*Source records*:
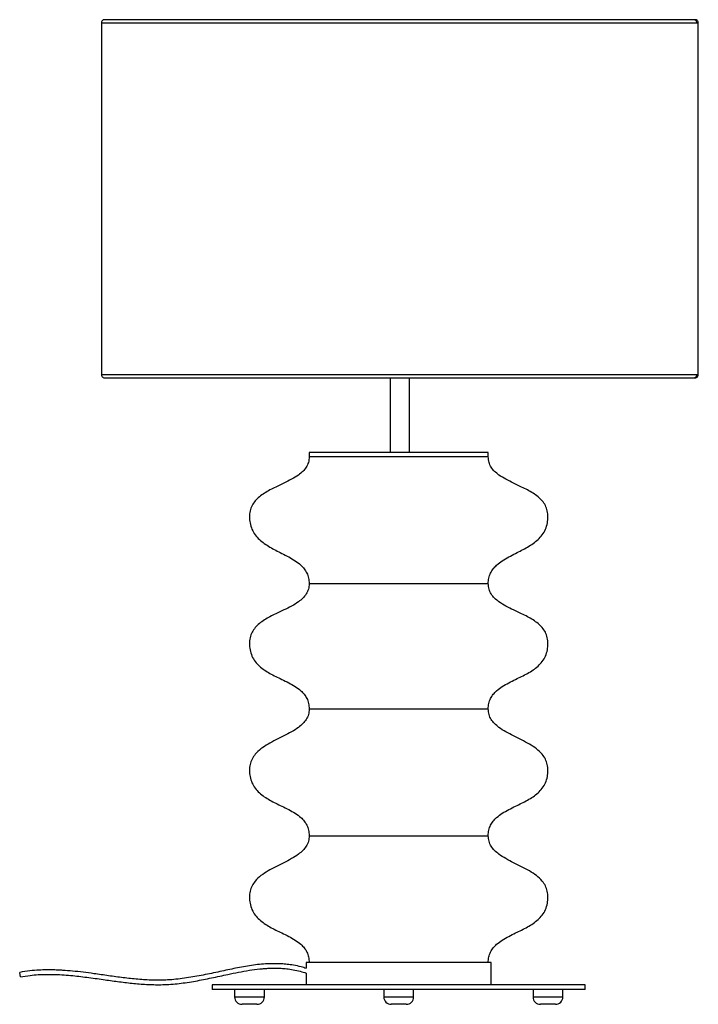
# Paper-space layout '_Derecha' of a CAD drawing. Header units: millimetres. Extents: x -254 to 201, y -217 to 443.
import ezdxf

# ---------------------------------------------------------------- set-up
doc = ezdxf.new("R2010")
doc.units = ezdxf.units.MM

psp = doc.layouts.new('_Derecha')

# ---------------------------------------------------------------- linework, layer by layer
at = {"color": 7, "linetype": 'Continuous', "lineweight": 25}
for p, q in [((198.77, 443.29), (-197.23, 443.29)), ((-199.23, 441.29), (-199.23, 205.29)), ((200.77, 205.29), (200.77, 441.29)), ((-197.23, 203.29), (198.77, 203.29)), ((-5.73, 203.3), (-5.73, 153.3)), ((-5.68, 203.36), (-4.23, 203.29)), ((5.77, 203.29), (7.17, 203.36)), ((7.27, 153.3), (7.27, 203.3)), ((-60, 153.3), (-60, 150.3)), ((60, 153.3), (-60, 153.3)), ((60, 150.3), (60, 153.3)), ((60, 150.3), (-60, 150.3)), ((-60, 65.3), (60, 65.3)), ((-60, -18.7), (60, -18.7)), ((-60, -103.7), (60, -103.7)), ((-62, -188.7), (-62, -192.58)), ((62, -188.7), (-62, -188.7)), ((62, -203.7), (62, -188.7)), ((-253.45, -198.27), (-254, -195.32)), ((-62, -195.74), (-62, -203.7)), ((-125, -203.7), (-125, -206.7)), ((125, -203.7), (-125, -203.7)), ((125, -206.7), (125, -203.7)), ((125, -206.7), (-125, -206.7)), ((-110, -206.7), (-110, -211.7)), ((-90, -211.7), (-90, -206.7)), ((-10, -206.7), (-10, -211.7)), ((10, -211.7), (10, -206.7)), ((90, -206.7), (90, -211.7)), ((110, -211.7), (110, -206.7)), ((-110, -211.7), (-90, -211.7)), ((-95, -216.7), (-105, -216.7)), ((-10, -211.7), (10, -211.7)), ((5, -216.7), (-5, -216.7)), ((90, -211.7), (110, -211.7)), ((105, -216.7), (95, -216.7))]:
    psp.add_line(p, q, dxfattribs=at)
for centre, start, end in [((-105, -211.7), 180, 270), ((-95, -211.7), 270, 0), ((-5, -211.7), 180, 270), ((5, -211.7), 270, 0), ((95, -211.7), 180, 270), ((105, -211.7), 270, 0)]:
    psp.add_arc(centre, 5, start, end, dxfattribs=at)
for points, knots in [([(-197.23, 443.29), (-197.5, 443.26), (-198.05, 443.2), (-198.76, 442.67), (-199.21, 441.92), (-199.22, 441.36), (-199.22, 441.09)], [0, 0, 0, 0, 0.23877, 0.5, 0.76123, 1, 1, 1, 1]), ([(199.79, 441.29), (199.76, 441.55), (199.72, 441.94), (199.46, 442.41), (199.2, 442.73), (198.88, 442.99), (198.42, 443.21), (198, 443.34), (197.73, 443.28), (197.7, 443.27)], [0, 0, 0, 0, 0.2357041, 0.3616506, 0.489521, 0.6166261, 0.7403706, 0.9685714, 1, 1, 1, 1]), ([(200.76, 441.09), (200.76, 441.36), (200.75, 441.92), (200.3, 442.67), (199.59, 443.2), (199.04, 443.26), (198.77, 443.29)], [0, 0, 0, 0, 0.2387704, 0.5, 0.7612296, 1, 1, 1, 1]), ([(-199.2, 441.29), (-199.21, 441.29), (-199.31, 441.29), (-198.9, 441.29), (-197.85, 441.29), (-196.04, 441.29), (-193.61, 441.29), (-190.62, 441.29), (-186.86, 441.29), (-182.28, 441.29), (-176.8, 441.29), (-170.38, 441.29), (-162.97, 441.29), (-154.54, 441.29), (-145.06, 441.29), (-134.53, 441.29), (-122.96, 441.29), (-110.4, 441.29), (-96.9, 441.29), (-82.54, 441.29), (-67.45, 441.29), (-51.73, 441.29), (-35.55, 441.29), (-19.07, 441.29), (-2.44, 441.29), (14.15, 441.29), (30.53, 441.29), (46.55, 441.29), (62.06, 441.29), (76.93, 441.29), (91.04, 441.29), (104.32, 441.29), (116.7, 441.29), (128.13, 441.29), (138.6, 441.29), (148.1, 441.29), (156.65, 441.29), (164.27, 441.29), (171, 441.29), (176.88, 441.29), (181.97, 441.29), (186.58, 441.29), (190.64, 441.29), (194.06, 441.29), (196.66, 441.29), (198.6, 441.29), (199.4, 441.29), (199.79, 441.29)], [0, 0, 0, 0, 0.001953, 0.020572, 0.040133, 0.06067, 0.078555, 0.097157, 0.116487, 0.136555, 0.157363, 0.17891, 0.201186, 0.224176, 0.247855, 0.272191, 0.297142, 0.322657, 0.348677, 0.375133, 0.401949, 0.42904, 0.456318, 0.483691, 0.511064, 0.538343, 0.565434, 0.592249, 0.618705, 0.644725, 0.670241, 0.695192, 0.719528, 0.743207, 0.766197, 0.788473, 0.810019, 0.830827, 0.850895, 0.870226, 0.888827, 0.906712, 0.92725, 0.94681, 0.965429, 0.983146, 1, 1, 1, 1]), ([(199.79, 441.29), (200.08, 441.29), (200.66, 441.29), (200.71, 441.29), (200.74, 441.29)], [0, 0, 0, 0, 0.5167007, 1, 1, 1, 1]), ([(199.79, 205.29), (199.4, 205.29), (198.6, 205.29), (196.66, 205.29), (194.06, 205.29), (190.64, 205.29), (186.58, 205.29), (181.97, 205.29), (176.88, 205.29), (171, 205.29), (164.27, 205.29), (156.65, 205.29), (148.1, 205.29), (138.6, 205.29), (128.13, 205.29), (116.7, 205.29), (104.32, 205.29), (91.04, 205.29), (76.93, 205.29), (62.06, 205.29), (46.55, 205.29), (30.53, 205.29), (14.15, 205.29), (-2.44, 205.29), (-19.07, 205.29), (-35.55, 205.29), (-51.73, 205.29), (-67.45, 205.29), (-82.54, 205.29), (-96.9, 205.29), (-110.4, 205.29), (-122.96, 205.29), (-134.53, 205.29), (-145.06, 205.29), (-154.54, 205.29), (-162.97, 205.29), (-170.38, 205.29), (-176.8, 205.29), (-182.28, 205.29), (-186.86, 205.29), (-190.62, 205.29), (-193.61, 205.29), (-196.04, 205.29), (-197.85, 205.29), (-198.9, 205.29), (-199.31, 205.29), (-199.21, 205.29), (-199.2, 205.29)], [0, 0, 0, 0, 0.016854, 0.034571, 0.05319, 0.07275, 0.093288, 0.111173, 0.129774, 0.149105, 0.169173, 0.189981, 0.211527, 0.233803, 0.256793, 0.280472, 0.304808, 0.329759, 0.355275, 0.381295, 0.407751, 0.434566, 0.461657, 0.488936, 0.516309, 0.543682, 0.57096, 0.598051, 0.624867, 0.651323, 0.677343, 0.702858, 0.727809, 0.752145, 0.775824, 0.798814, 0.82109, 0.842637, 0.863445, 0.883513, 0.902843, 0.921445, 0.93933, 0.959867, 0.979428, 0.998047, 1, 1, 1, 1]), ([(-199.22, 205.49), (-199.22, 205.23), (-199.21, 204.66), (-198.76, 203.91), (-198.05, 203.39), (-197.5, 203.32), (-197.23, 203.29)], [0, 0, 0, 0, 0.23877, 0.5, 0.76123, 1, 1, 1, 1]), ([(197.7, 203.31), (197.73, 203.31), (198, 203.25), (198.42, 203.37), (198.88, 203.6), (199.2, 203.86), (199.46, 204.18), (199.72, 204.65), (199.76, 205.04), (199.79, 205.29)], [0, 0, 0, 0, 0.031208, 0.259461, 0.383233, 0.510367, 0.638267, 0.764242, 1, 1, 1, 1]), ([(198.77, 203.29), (199.04, 203.32), (199.59, 203.39), (200.3, 203.91), (200.75, 204.66), (200.76, 205.23), (200.76, 205.49)], [0, 0, 0, 0, 0.23877, 0.5, 0.76123, 1, 1, 1, 1]), ([(200.74, 205.29), (200.71, 205.29), (200.66, 205.29), (200.08, 205.29), (199.79, 205.29)], [0, 0, 0, 0, 0.483299, 1, 1, 1, 1]), ([(-5.64, 203.3), (-5.62, 203.3), (-5.58, 203.3), (-4.37, 203.3), (-2.39, 203.3), (-0.71, 203.3), (0.13, 203.3)], [0, 0, 0, 0, 0.199685, 0.466457, 0.733228, 1, 1, 1, 1]), ([(0.13, 203.3), (0.98, 203.3), (2.69, 203.3), (5.01, 203.3), (6.6, 203.3), (7.34, 203.3), (7.2, 203.3), (7.18, 203.3)], [0, 0, 0, 0, 0.235213, 0.470425, 0.705638, 0.94085, 1, 1, 1, 1]), ([(-60, 150.3), (-60.1, 149.04), (-60.28, 146.59), (-61.88, 143.25), (-64.22, 140.43), (-67.55, 137.7), (-71.88, 135.11), (-77.03, 132.58), (-81.92, 130.31), (-86.3, 128.13), (-90.01, 126.01), (-93.37, 123.63), (-96.23, 120.91), (-98.44, 117.71), (-99.74, 114), (-100.13, 110.01), (-99.75, 105.83), (-98.52, 101.71), (-96.32, 97.97), (-93.45, 94.81), (-90.07, 92.12), (-86.34, 89.77), (-82.39, 87.63), (-78.14, 85.49), (-73.75, 83.24), (-69.43, 80.72), (-65.9, 78.07), (-63.24, 75.26), (-61.42, 72.36), (-60.21, 68.99), (-60.07, 66.56), (-60, 65.3)], [0, 0, 0, 0, 0.0303152, 0.0588055, 0.087773, 0.1184571, 0.1624807, 0.2092951, 0.2572839, 0.2929451, 0.327548, 0.3606223, 0.392109, 0.4226237, 0.4536522, 0.4860504, 0.518811, 0.5548071, 0.5889388, 0.622828, 0.6574569, 0.6930807, 0.729454, 0.7660428, 0.808127, 0.8486306, 0.8869682, 0.9144579, 0.9415467, 0.9694806, 1, 1, 1, 1]), ([(60, 65.3), (60.07, 66.56), (60.21, 68.99), (61.42, 72.36), (63.24, 75.26), (65.9, 78.07), (69.43, 80.72), (73.75, 83.24), (78.14, 85.49), (82.39, 87.63), (86.34, 89.77), (90.07, 92.12), (93.45, 94.81), (96.32, 97.97), (98.52, 101.71), (99.75, 105.83), (100.13, 110.01), (99.74, 114), (98.44, 117.71), (96.23, 120.91), (93.37, 123.63), (90.01, 126.01), (86.3, 128.13), (81.92, 130.31), (77.03, 132.58), (71.88, 135.11), (67.55, 137.7), (64.22, 140.43), (61.88, 143.25), (60.28, 146.59), (60.1, 149.04), (60, 150.3)], [0, 0, 0, 0, 0.030519, 0.058453, 0.085542, 0.113032, 0.151369, 0.191873, 0.233957, 0.270546, 0.306919, 0.342543, 0.377172, 0.411061, 0.445193, 0.481189, 0.51395, 0.546348, 0.577376, 0.607891, 0.639378, 0.672452, 0.707055, 0.742716, 0.790705, 0.837519, 0.881543, 0.912227, 0.941195, 0.969685, 1, 1, 1, 1]), ([(-60, 65.3), (-60.1, 64.04), (-60.28, 61.59), (-61.88, 58.25), (-64.22, 55.43), (-67.55, 52.71), (-71.88, 50.12), (-77.03, 47.59), (-81.92, 45.32), (-86.3, 43.14), (-90.01, 41.02), (-93.37, 38.65), (-96.23, 35.92), (-98.44, 32.72), (-99.74, 29.01), (-100.13, 25.02), (-99.75, 20.84), (-98.53, 16.74), (-96.33, 13.04), (-93.45, 9.95), (-90.07, 7.34), (-86.34, 5.08), (-82.39, 3.04), (-78.14, 1.01), (-73.75, -1.12), (-69.43, -3.52), (-65.9, -6.08), (-63.24, -8.82), (-61.41, -11.68), (-60.21, -15.03), (-60.07, -17.44), (-60, -18.7)], [0, 0, 0, 0, 0.030459, 0.05908, 0.088178, 0.119001, 0.163227, 0.210259, 0.258474, 0.294306, 0.329077, 0.362316, 0.393967, 0.424653, 0.455869, 0.48845, 0.52133, 0.557319, 0.591291, 0.624949, 0.659334, 0.694729, 0.730895, 0.767287, 0.809136, 0.849377, 0.887417, 0.91468, 0.941579, 0.969418, 1, 1, 1, 1]), ([(60, -18.7), (60.07, -17.44), (60.21, -15.03), (61.41, -11.68), (63.24, -8.82), (65.9, -6.08), (69.43, -3.52), (73.75, -1.12), (78.14, 1.01), (82.39, 3.04), (86.34, 5.08), (90.07, 7.34), (93.45, 9.95), (96.33, 13.04), (98.53, 16.74), (99.75, 20.84), (100.13, 25.02), (99.74, 29.01), (98.44, 32.72), (96.23, 35.92), (93.37, 38.65), (90.01, 41.02), (86.3, 43.14), (81.92, 45.32), (77.03, 47.59), (71.88, 50.12), (67.55, 52.71), (64.22, 55.43), (61.88, 58.25), (60.28, 61.59), (60.1, 64.04), (60, 65.3)], [0, 0, 0, 0, 0.030582, 0.058421, 0.08532, 0.112583, 0.150623, 0.190864, 0.232713, 0.269105, 0.305271, 0.340666, 0.375051, 0.408709, 0.442681, 0.47867, 0.51155, 0.544131, 0.575347, 0.606033, 0.637684, 0.670923, 0.705694, 0.741526, 0.789741, 0.836773, 0.880999, 0.911822, 0.94092, 0.969541, 1, 1, 1, 1]), ([(-60, -18.7), (-60.1, -19.97), (-60.28, -22.43), (-61.88, -25.8), (-64.22, -28.68), (-67.55, -31.49), (-71.87, -34.18), (-77.03, -36.85), (-82.36, -39.46), (-87.55, -42.2), (-92.3, -45.26), (-95.97, -48.62), (-98.43, -52.24), (-99.73, -55.98), (-100.13, -59.98), (-99.75, -64.16), (-98.52, -68.24), (-96.33, -71.94), (-93.45, -75.02), (-90.07, -77.63), (-86.34, -79.89), (-82.39, -81.93), (-78.14, -83.97), (-73.75, -86.1), (-69.43, -88.51), (-65.9, -91.08), (-63.24, -93.82), (-61.41, -96.68), (-60.21, -100.03), (-60.07, -102.44), (-60, -103.7)], [0, 0, 0, 0, 0.030425, 0.059191, 0.08852, 0.119591, 0.164123, 0.211427, 0.2599, 0.30774, 0.353411, 0.396239, 0.427115, 0.458395, 0.490886, 0.52358, 0.559332, 0.5931, 0.626577, 0.660793, 0.696024, 0.732028, 0.76826, 0.809929, 0.850002, 0.887888, 0.915042, 0.941833, 0.969555, 1, 1, 1, 1]), ([(60, -103.7), (60.07, -102.44), (60.21, -100.03), (61.41, -96.68), (63.24, -93.82), (65.9, -91.08), (69.43, -88.51), (73.75, -86.1), (78.14, -83.97), (82.39, -81.93), (86.34, -79.89), (90.07, -77.63), (93.45, -75.02), (96.33, -71.94), (98.52, -68.24), (99.75, -64.16), (100.13, -59.98), (99.73, -55.98), (98.43, -52.24), (95.97, -48.62), (92.3, -45.26), (87.55, -42.2), (82.36, -39.46), (77.03, -36.85), (71.87, -34.18), (67.55, -31.49), (64.22, -28.68), (61.88, -25.8), (60.28, -22.43), (60.1, -19.97), (60, -18.7)], [0, 0, 0, 0, 0.030445, 0.058167, 0.084958, 0.112112, 0.149998, 0.190071, 0.23174, 0.267972, 0.303976, 0.339207, 0.373423, 0.4069, 0.440668, 0.47642, 0.509114, 0.541605, 0.572885, 0.603761, 0.646589, 0.69226, 0.7401, 0.788573, 0.835877, 0.880409, 0.91148, 0.940809, 0.969575, 1, 1, 1, 1]), ([(-60, -103.7), (-60.1, -104.97), (-60.28, -107.43), (-61.88, -110.8), (-64.22, -113.68), (-67.55, -116.49), (-71.87, -119.18), (-77.03, -121.85), (-82.36, -124.46), (-87.55, -127.2), (-92.3, -130.26), (-95.97, -133.62), (-98.43, -137.24), (-99.73, -140.98), (-100.13, -144.98), (-99.75, -149.16), (-98.52, -153.24), (-96.33, -156.94), (-93.45, -160.02), (-90.07, -162.63), (-86.34, -164.89), (-82.39, -166.93), (-78.14, -168.97), (-73.75, -171.1), (-69.43, -173.51), (-65.9, -176.08), (-63.24, -178.82), (-61.41, -181.68), (-60.21, -185.03), (-60.07, -187.44), (-60, -188.7)], [0, 0, 0, 0, 0.030425, 0.059191, 0.08852, 0.119591, 0.164123, 0.211427, 0.2599, 0.30774, 0.353411, 0.396239, 0.427115, 0.458395, 0.490886, 0.52358, 0.559332, 0.5931, 0.626577, 0.660793, 0.696024, 0.732028, 0.76826, 0.809929, 0.850002, 0.887888, 0.915042, 0.941833, 0.969555, 1, 1, 1, 1]), ([(60, -188.7), (60.07, -187.44), (60.21, -185.03), (61.41, -181.68), (63.24, -178.82), (65.9, -176.08), (69.43, -173.51), (73.75, -171.1), (78.14, -168.97), (82.39, -166.93), (86.34, -164.89), (90.07, -162.63), (93.45, -160.02), (96.33, -156.94), (98.52, -153.24), (99.75, -149.16), (100.13, -144.98), (99.73, -140.98), (98.43, -137.24), (95.97, -133.62), (92.3, -130.26), (87.55, -127.2), (82.36, -124.46), (77.03, -121.85), (71.87, -119.18), (67.55, -116.49), (64.22, -113.68), (61.88, -110.8), (60.28, -107.43), (60.1, -104.97), (60, -103.7)], [0, 0, 0, 0, 0.030445, 0.058167, 0.084958, 0.112112, 0.149998, 0.190071, 0.23174, 0.267972, 0.303976, 0.339207, 0.373423, 0.4069, 0.440668, 0.47642, 0.509114, 0.541605, 0.572885, 0.603761, 0.646589, 0.69226, 0.7401, 0.788573, 0.835877, 0.880409, 0.91148, 0.940809, 0.969575, 1, 1, 1, 1]), ([(-62, -192.66), (-63.12, -192.29), (-65.89, -191.4), (-70.19, -190.53), (-74.58, -189.9), (-79.1, -189.52), (-83.89, -189.41), (-89.24, -189.61), (-94.55, -190.09), (-99.91, -190.81), (-105.27, -191.72), (-110.61, -192.77), (-115.93, -193.89), (-123.19, -195.48), (-132.4, -197.43), (-143.61, -199.38), (-154.44, -200.53), (-164.84, -200.64), (-174.74, -200.02), (-184.61, -198.93), (-194.46, -197.58), (-203.43, -196.28), (-211.49, -195.21), (-218.41, -194.44), (-223.86, -193.99), (-228.13, -193.76), (-231.71, -193.63), (-236.11, -193.6), (-241.34, -193.76), (-247.42, -194.23), (-251.71, -194.94), (-254, -195.32)], [0, 0, 0, 0, 0.018222, 0.045014, 0.067808, 0.086855, 0.115171, 0.142028, 0.16971, 0.197701, 0.225735, 0.25381, 0.281905, 0.309998, 0.368852, 0.427639, 0.486219, 0.537233, 0.588412, 0.639696, 0.691025, 0.742365, 0.780006, 0.816831, 0.850275, 0.864548, 0.883028, 0.905738, 0.932719, 0.964069, 1, 1, 1, 1]), ([(-253.45, -198.27), (-251.32, -197.91), (-247.37, -197.26), (-241.85, -196.81), (-237.24, -196.63), (-233.48, -196.61), (-227.28, -196.75), (-218.7, -197.37), (-207.56, -198.72), (-197.17, -200.22), (-187.16, -201.63), (-177.52, -202.77), (-167.84, -203.51), (-157.69, -203.66), (-147.12, -202.86), (-136.2, -201.2), (-125.37, -199.04), (-115.77, -196.91), (-107.35, -195.16), (-100.2, -193.87), (-94.62, -193.12), (-90.68, -192.76), (-88.19, -192.59), (-85.37, -192.47), (-82.23, -192.44), (-78.7, -192.56), (-74.88, -192.88), (-70.56, -193.51), (-66.17, -194.42), (-63.31, -195.36), (-62, -195.79)], [0, 0, 0, 0, 0.033475, 0.062062, 0.085915, 0.105089, 0.120536, 0.182161, 0.238455, 0.294801, 0.345103, 0.395364, 0.445566, 0.495742, 0.552804, 0.60991, 0.667111, 0.724363, 0.762496, 0.800581, 0.837145, 0.849868, 0.862058, 0.875875, 0.893687, 0.910836, 0.930622, 0.953167, 0.978693, 1, 1, 1, 1])]:
    psp.add_open_spline(points, degree=3, knots=knots, dxfattribs=at)

doc.saveas('drawing.dxf')

*Task item*:
Wherever the string "drawing" appears in the data above, copy the line it sits in.

*Result*:
# Paper-space layout '_Derecha' of a CAD drawing. Header units: millimetres. Extents: x -254 to 201, y -217 to 443.
doc.saveas('drawing.dxf')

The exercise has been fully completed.